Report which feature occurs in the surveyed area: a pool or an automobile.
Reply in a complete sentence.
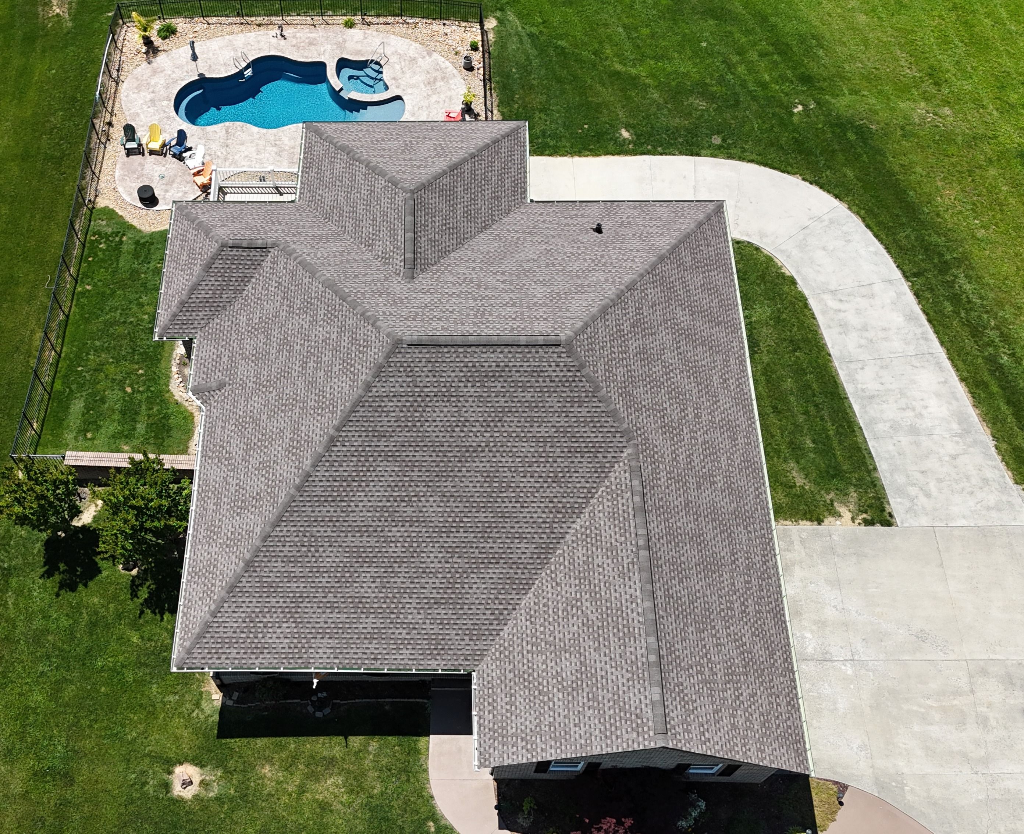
This aerial view contains a pool.
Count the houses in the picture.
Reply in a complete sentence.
In total, 1 house can be seen.
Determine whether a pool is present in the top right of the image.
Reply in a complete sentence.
No, no pool appears in the top right of the image.
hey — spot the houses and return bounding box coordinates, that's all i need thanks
[152,119,815,783]
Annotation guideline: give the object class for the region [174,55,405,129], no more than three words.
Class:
swimming pool
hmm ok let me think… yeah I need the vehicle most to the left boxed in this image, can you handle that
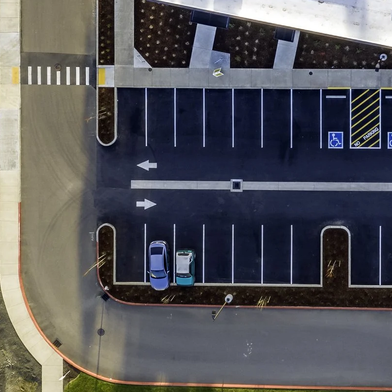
[147,238,170,288]
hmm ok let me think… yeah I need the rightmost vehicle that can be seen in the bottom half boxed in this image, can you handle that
[175,247,197,285]
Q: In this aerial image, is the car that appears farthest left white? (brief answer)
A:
No
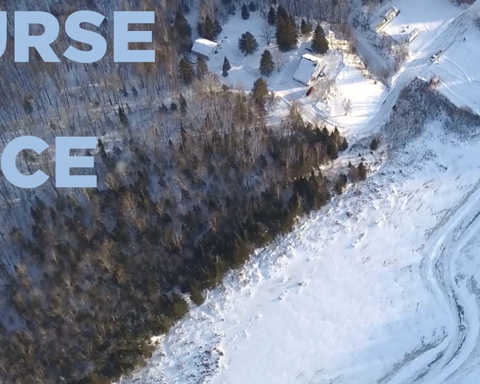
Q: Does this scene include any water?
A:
Yes
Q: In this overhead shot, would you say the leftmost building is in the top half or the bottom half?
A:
top
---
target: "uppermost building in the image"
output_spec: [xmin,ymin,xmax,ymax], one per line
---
[194,39,219,60]

------------

-- EXERCISE OBJECTIVE --
Looking over the records, find each line with the word "building" and copy it.

-- SOLUTION TO THE EXERCISE --
Q: In this overhead shot, would you say the leftmost building is in the top half or the bottom half?
target: "uppermost building in the image"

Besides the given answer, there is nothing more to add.